Hoe stopt u decubitus?

Het stoppen van decubitus berust op drie peilers: beweging, voeding en zorg.

Beweging
Decubitus wordt veroorzaakt door druk- en schuifkrachten. Risicoplaatsen zijn hielen, heupen en stuit, schouders en achterhoofd. Wanneer een cliënt langdurig op de rug ligt of in dezelfde houding zit, is de druk op deze plaatsen verhoogd. Het is daarom belangrijk om te bewegen, ook wanneer een cliënt in bed moet blijven of in een rolstoel zit. Het is belangrijk dat de cliënt regelmatig zijn of haar houding verandert, zodat de druk op de huid ontlast wordt.

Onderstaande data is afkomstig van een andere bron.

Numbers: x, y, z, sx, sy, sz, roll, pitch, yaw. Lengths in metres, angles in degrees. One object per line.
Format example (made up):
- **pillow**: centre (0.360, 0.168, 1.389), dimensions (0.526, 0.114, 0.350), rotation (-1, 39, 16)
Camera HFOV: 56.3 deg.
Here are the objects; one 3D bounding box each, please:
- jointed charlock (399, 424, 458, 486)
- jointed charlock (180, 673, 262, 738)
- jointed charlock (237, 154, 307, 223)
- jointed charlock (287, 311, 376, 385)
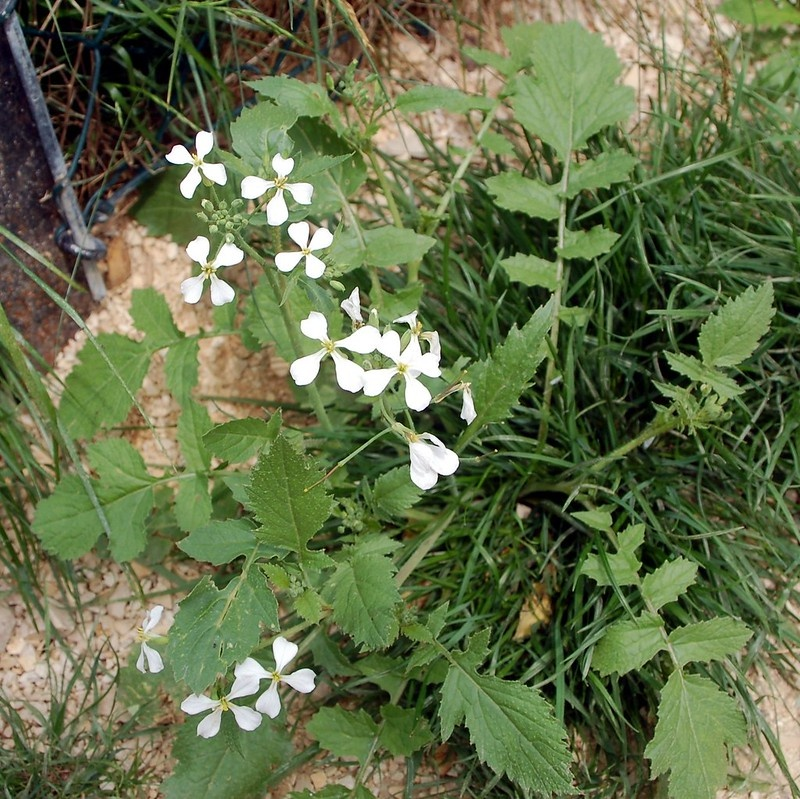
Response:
- **jointed charlock**: centre (0.053, 0.123, 1.788), dimensions (0.148, 0.138, 0.068), rotation (-15, 88, -55)
- **jointed charlock**: centre (-0.429, 0.753, 1.817), dimensions (0.200, 0.185, 0.064), rotation (4, 24, -18)
- **jointed charlock**: centre (-0.292, -0.467, 1.781), dimensions (0.171, 0.088, 0.171), rotation (-2, 82, -13)
- **jointed charlock**: centre (-0.161, -0.085, 1.766), dimensions (0.192, 0.073, 0.179), rotation (11, 71, 2)

Bij zitten is het goed om ten minste eens per twee uur van houding te veranderen. Dit kan bijvoorbeeld door -  indien mogelijk - de cliënt even te laten staan of de cliënt bijvoorbeeld te laten verzitten van de linker op de rechterbil. Bij liggen geldt dat de cliënt ten minste eens per vier uur van houding moet veranderen.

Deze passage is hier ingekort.